The other day I talked about the missed career opportunity of Ray Kroc, pointing out that instead of building a global food empire, he could have easily just become a consultant instead. Which we can now see may have been a blessing of sorts. In spite of the fact that a lot of motivational figures and successful business people preach a familiar gospel about the virtues of “selling to the masses”, there IS a likely downside to this pursuit. We can see it in the world all around us right now, and McDonald’s – although it embodied a lot of brilliantly innovative ideas and methods – can be held up more credibly as a culprit than as a shining beacon. If you decide to make your billions by producing something mass-produced, you might want to think about doing your grandchildren a favor, and try to take a few lessons from the last several decades. Part of true success is arguably creating a collective benefit from the product or service that you create to bring YOURSELF benefit. And the fact is, a great many of today’s success stories in business center on products that enhanced life in some way, and in the process provided jobs and (try not to wince) tax revenue that returned benefit to the collective good of society. So what’s so this big downside of mass production, as if you don’t already know?

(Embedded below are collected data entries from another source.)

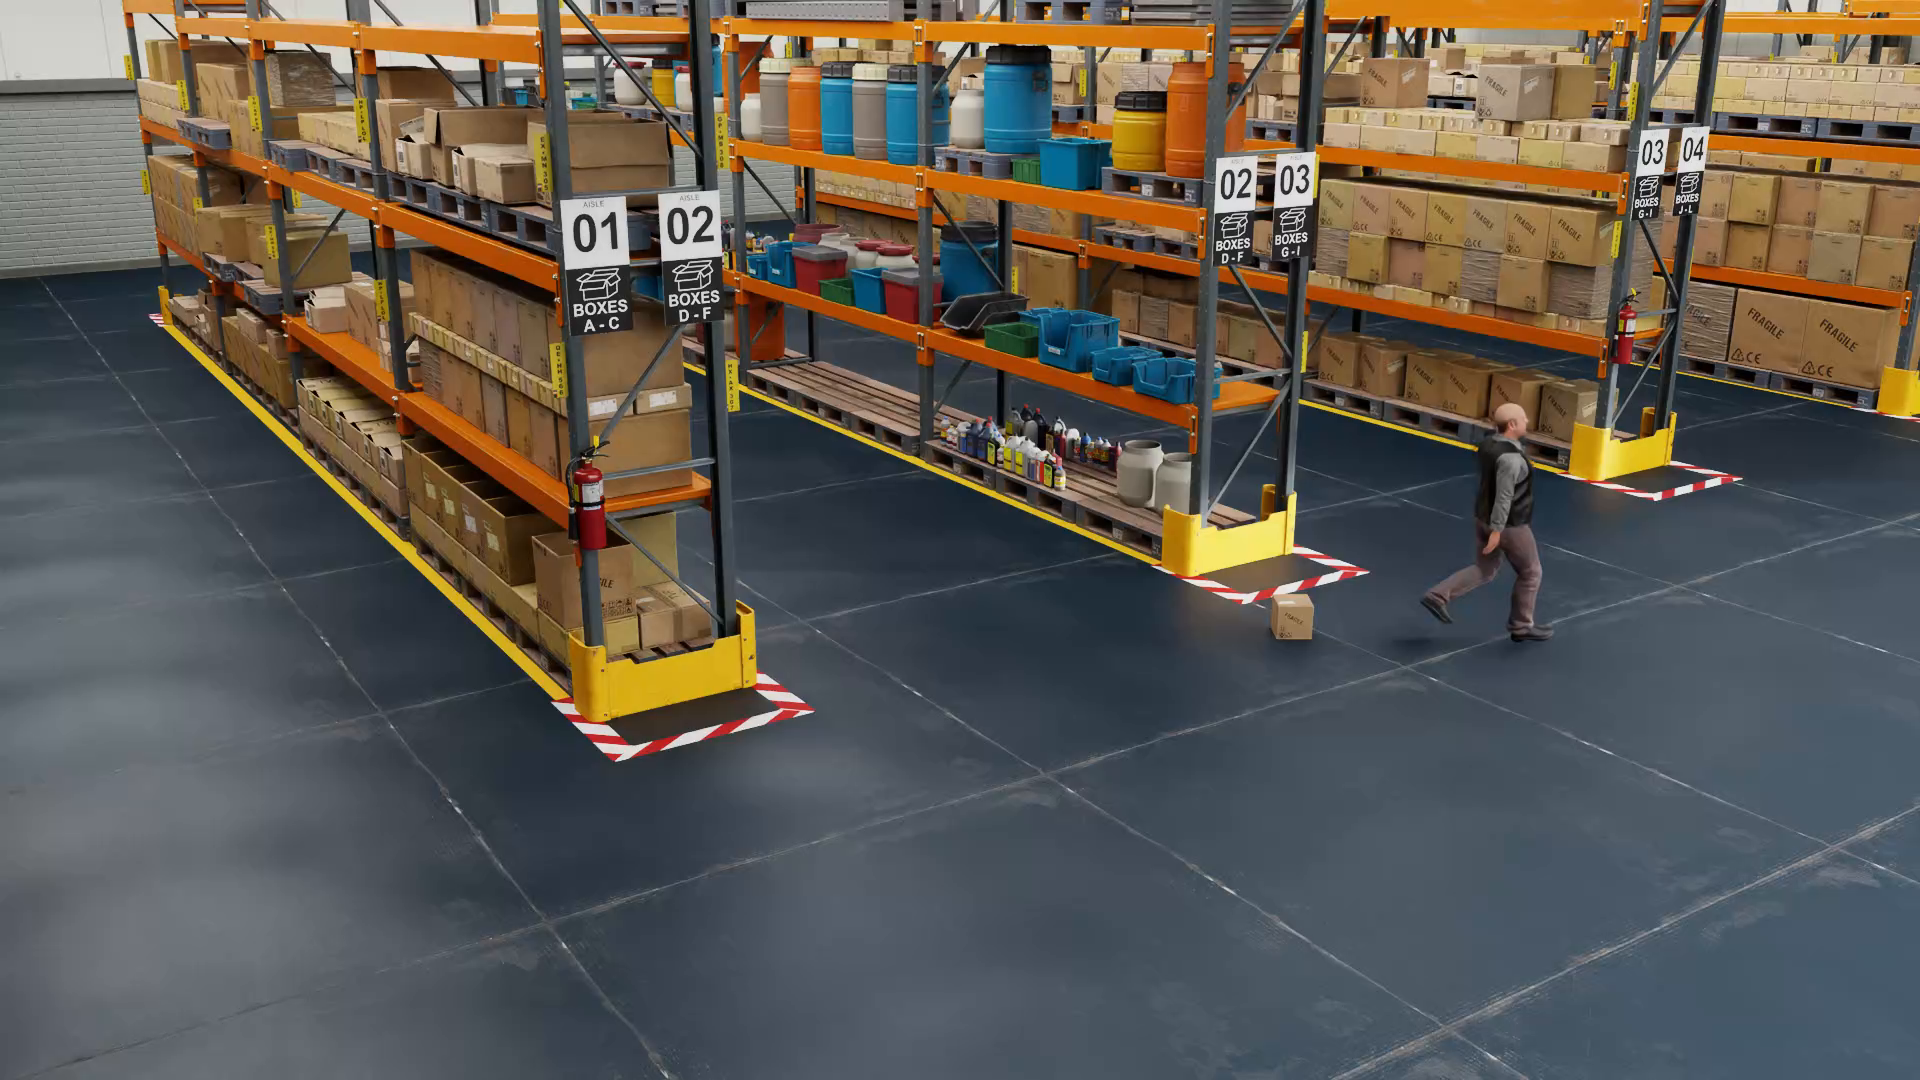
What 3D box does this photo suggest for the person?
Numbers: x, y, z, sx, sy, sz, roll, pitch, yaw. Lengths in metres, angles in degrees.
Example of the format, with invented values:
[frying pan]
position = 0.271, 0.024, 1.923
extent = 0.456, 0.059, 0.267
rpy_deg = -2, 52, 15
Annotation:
[person]
position = 3.694, -0.121, 11.440
extent = 0.902, 1.689, 0.537
rpy_deg = -2, 18, -5
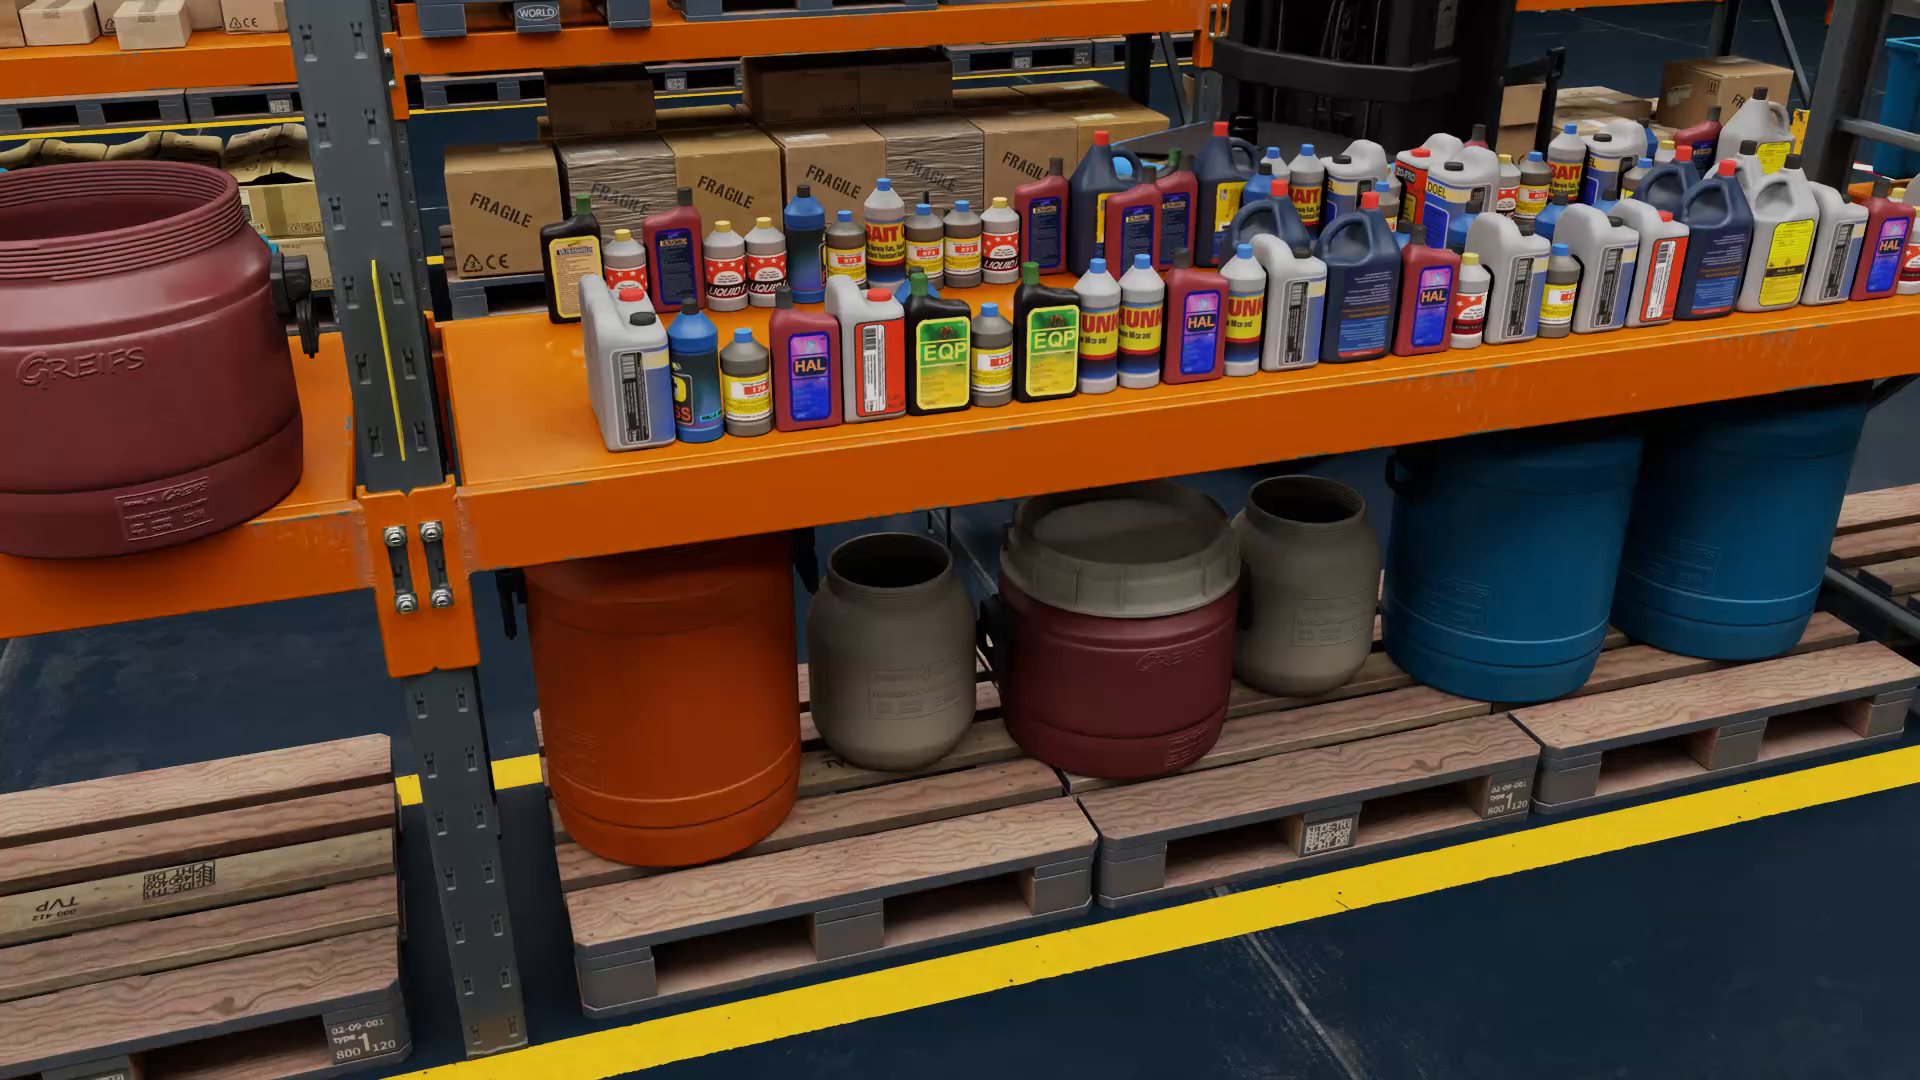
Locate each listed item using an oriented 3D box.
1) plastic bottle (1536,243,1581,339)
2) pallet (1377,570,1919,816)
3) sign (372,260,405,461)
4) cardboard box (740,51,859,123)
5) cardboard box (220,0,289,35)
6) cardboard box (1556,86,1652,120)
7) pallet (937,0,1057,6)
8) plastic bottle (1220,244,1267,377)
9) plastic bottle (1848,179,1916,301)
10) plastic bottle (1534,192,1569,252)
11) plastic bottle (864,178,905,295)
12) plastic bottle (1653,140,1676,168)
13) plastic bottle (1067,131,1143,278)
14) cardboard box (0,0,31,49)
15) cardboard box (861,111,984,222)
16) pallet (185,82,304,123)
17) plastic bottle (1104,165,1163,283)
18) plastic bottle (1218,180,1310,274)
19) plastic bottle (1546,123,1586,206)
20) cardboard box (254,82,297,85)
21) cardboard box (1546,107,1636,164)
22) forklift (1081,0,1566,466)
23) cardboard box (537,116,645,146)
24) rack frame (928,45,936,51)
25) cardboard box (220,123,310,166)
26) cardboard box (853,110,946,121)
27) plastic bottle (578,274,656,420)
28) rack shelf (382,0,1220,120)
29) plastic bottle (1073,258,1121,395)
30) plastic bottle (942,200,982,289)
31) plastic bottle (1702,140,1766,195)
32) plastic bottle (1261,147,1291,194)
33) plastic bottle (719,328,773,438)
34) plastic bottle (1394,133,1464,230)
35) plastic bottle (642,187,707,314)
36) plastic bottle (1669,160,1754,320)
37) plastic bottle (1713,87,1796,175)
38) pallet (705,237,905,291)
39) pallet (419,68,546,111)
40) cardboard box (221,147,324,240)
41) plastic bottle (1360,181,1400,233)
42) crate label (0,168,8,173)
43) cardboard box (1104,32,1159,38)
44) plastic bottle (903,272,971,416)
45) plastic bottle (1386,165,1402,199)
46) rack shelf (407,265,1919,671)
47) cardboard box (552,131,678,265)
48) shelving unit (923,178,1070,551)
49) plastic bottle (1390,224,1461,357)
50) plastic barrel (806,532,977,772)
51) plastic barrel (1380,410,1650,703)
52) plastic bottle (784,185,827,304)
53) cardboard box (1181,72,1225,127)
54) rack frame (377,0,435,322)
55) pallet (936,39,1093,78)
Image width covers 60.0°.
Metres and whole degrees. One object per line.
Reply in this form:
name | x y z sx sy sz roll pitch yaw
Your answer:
plastic bottle | 1.334 -0.563 3.735 0.097 0.201 0.097 0 26 0
pallet | 1.919 0.328 4.851 1.213 0.211 1.003 -8 28 -16
sign | -0.961 -0.300 2.797 0.005 0.325 0.100 -8 28 -16
cardboard box | -0.828 -2.347 8.577 0.500 0.250 0.500 -9 28 -17
cardboard box | -3.028 -2.482 7.476 0.500 0.311 0.500 -7 27 -13
cardboard box | 3.858 -2.597 10.204 0.500 0.250 0.500 -8 28 -16
pallet | 0.341 -2.954 8.543 1.213 0.211 1.003 -8 28 -16
plastic bottle | 0.590 -0.487 3.503 0.097 0.271 0.097 0 26 0
plastic bottle | 2.185 -0.715 3.948 0.133 0.283 0.061 -8 28 -16
plastic bottle | 1.380 -0.673 3.876 0.097 0.271 0.097 0 26 0
plastic bottle | -0.180 -0.730 3.993 0.097 0.271 0.097 0 26 0
plastic bottle | 1.954 -1.008 4.631 0.097 0.201 0.097 0 26 0
plastic bottle | 0.366 -0.834 4.112 0.185 0.351 0.144 -8 28 -16
cardboard box | -4.259 -2.360 7.018 0.500 0.500 0.500 -10 28 -19
cardboard box | -0.195 -1.859 8.438 0.500 0.500 0.500 -8 27 -15
pallet | -4.949 -3.291 12.142 1.213 0.211 1.003 -8 28 -16
plastic bottle | 0.422 -0.764 4.047 0.133 0.283 0.061 -8 28 -16
plastic bottle | 0.670 -0.616 3.674 0.185 0.351 0.144 -8 28 -16
plastic bottle | 1.641 -0.994 4.524 0.097 0.271 0.097 0 26 0
cardboard box | -4.874 -3.603 11.951 0.500 0.500 0.700 -8 27 -15
cardboard box | 3.585 -2.323 9.654 0.500 0.250 0.500 -8 28 -16
forklift | 1.854 -2.137 6.759 3.031 2.935 1.130 -23 35 -39
cardboard box | -1.852 -1.859 8.437 0.500 0.500 0.500 -7 27 -14
rack frame | -0.403 -5.198 12.847 0.127 3.000 1.000 -8 28 -16
cardboard box | -3.257 -1.813 8.018 0.500 0.311 0.500 -7 27 -14
cardboard box | -0.382 -2.074 8.871 0.500 0.500 0.500 -8 27 -15
plastic bottle | -0.674 -0.390 3.302 0.135 0.276 0.152 -8 28 -16
rack shelf | -0.767 -2.506 8.234 4.000 0.370 1.077 -8 28 -16
plastic bottle | 0.278 -0.442 3.412 0.097 0.271 0.097 0 26 0
plastic bottle | 0.005 -0.726 4.062 0.097 0.201 0.097 0 26 0
plastic bottle | 1.848 -0.783 4.010 0.185 0.351 0.144 -8 28 -16
plastic bottle | 0.795 -0.872 4.277 0.097 0.271 0.097 0 26 0
plastic bottle | -0.415 -0.310 3.225 0.097 0.201 0.097 0 26 0
plastic bottle | 1.227 -0.924 4.376 0.135 0.276 0.152 -8 28 -16
plastic bottle | -0.666 -0.674 3.866 0.133 0.283 0.061 -8 28 -16
plastic bottle | 1.717 -0.697 3.836 0.185 0.351 0.144 -8 28 -16
plastic bottle | 2.192 -1.070 4.588 0.185 0.351 0.144 -8 28 -16
pallet | -0.789 -1.557 8.650 1.213 0.211 1.003 -8 28 -16
pallet | -3.433 -3.475 12.512 1.213 0.211 1.003 -8 28 -16
cardboard box | -3.090 -1.585 7.558 0.500 0.311 0.500 -8 27 -15
plastic bottle | 1.063 -0.808 4.228 0.097 0.201 0.097 0 26 0
crate label | -2.166 -0.452 3.247 0.616 0.435 0.502 -8 28 -16
cardboard box | 1.308 -4.464 13.707 0.500 0.500 0.700 -8 27 -15
plastic bottle | -0.045 -0.392 3.297 0.133 0.283 0.061 -8 28 -16
plastic bottle | 1.108 -0.886 4.384 0.097 0.201 0.097 0 26 0
rack shelf | 0.764 -0.412 4.015 4.000 0.370 1.077 -8 28 -16
cardboard box | -1.651 -1.647 8.011 0.500 0.500 0.500 -9 28 -18
shelving unit | 0.157 -0.560 5.529 0.503 1.200 0.258 -8 28 -16
plastic bottle | 1.010 -0.545 3.605 0.133 0.283 0.061 -8 28 -16
plastic barrel | -0.169 0.278 4.143 0.421 0.512 0.421 0 26 0
plastic barrel | 1.470 -0.092 4.450 0.708 0.901 0.600 -8 28 -16
plastic bottle | -0.366 -0.704 3.939 0.097 0.271 0.097 0 26 0
cardboard box | 1.589 -2.380 9.487 0.500 0.500 0.500 -8 28 -16
rack frame | -2.668 -2.553 7.520 0.127 3.000 1.000 -8 28 -16
pallet | 0.345 -4.021 13.611 1.213 0.211 1.003 -8 28 -16
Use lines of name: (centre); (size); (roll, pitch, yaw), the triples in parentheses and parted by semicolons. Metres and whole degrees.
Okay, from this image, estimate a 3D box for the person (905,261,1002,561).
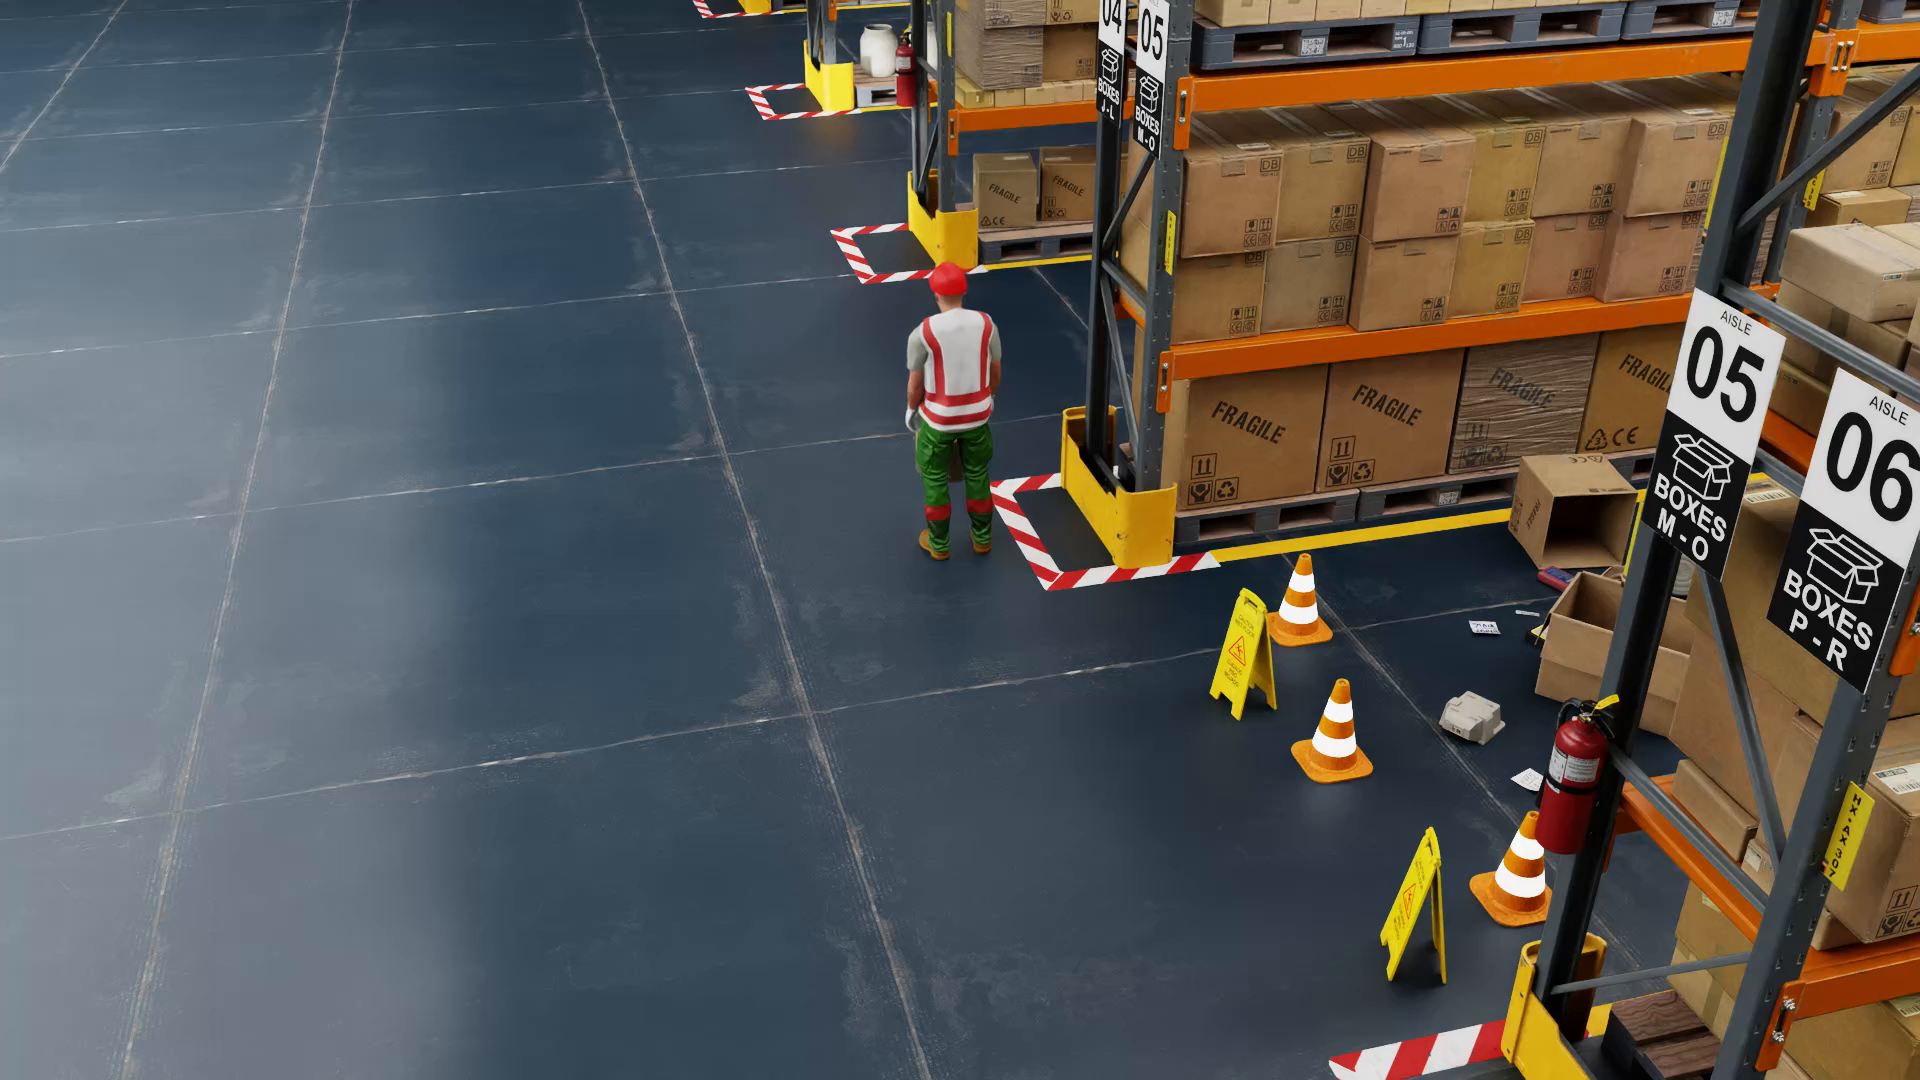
person: (-0.037, -0.715, 9.460); (0.553, 1.785, 0.416); (-9, 31, -15)

Ethics 101 – The Forgotten Business Course
The problems of mass production often stem from the same process as the benefits. In the beginning, this may be a superficial complaint, as poignantly highlighted in the familiar Henry Ford quote “Any customer can have a car painted any color that he wants so long as it is black”. The obvious benefits of mass-production – reduced human error, a reduction in labor costs, and increased production – intrinsically create a few problems. One is the superficial kind just mentioned, the inability to tailor the product to a customer’s whims. But the greater problems are the result of either legitimate unintended consequences, like the detrimental health effects of eating McDonald’s highly-processed foods, the destruction of family farms by agribusiness, or the toxic wasteland that we’ve created through our hunger for more and more at a lower price, or another kind of more INTENTIONAL consequence. If the elements of the game are as simple as “create a product at the lowest possible price and sell it for the highest possible price”, someone, somewhere, is going to pay. And when the entity making those decisions is an amoral collection of guidelines designed solely to maximize profit to please stakeholders – the long term price is hardly worth the cash savings at the time of purchase. For companies like McDonald’s and their competitors to have food outlets all around the globe, and for two thirds of the world to have a cell phone, a lot of “someones” had to make the decisions to utilize nearly slave-like labor, to destructively mine rare minerals to create throw-away devices that return to the environment in massive toxic dumps, or to engineer food that is shippable and attractive but has no flavor and questionable nutritional value.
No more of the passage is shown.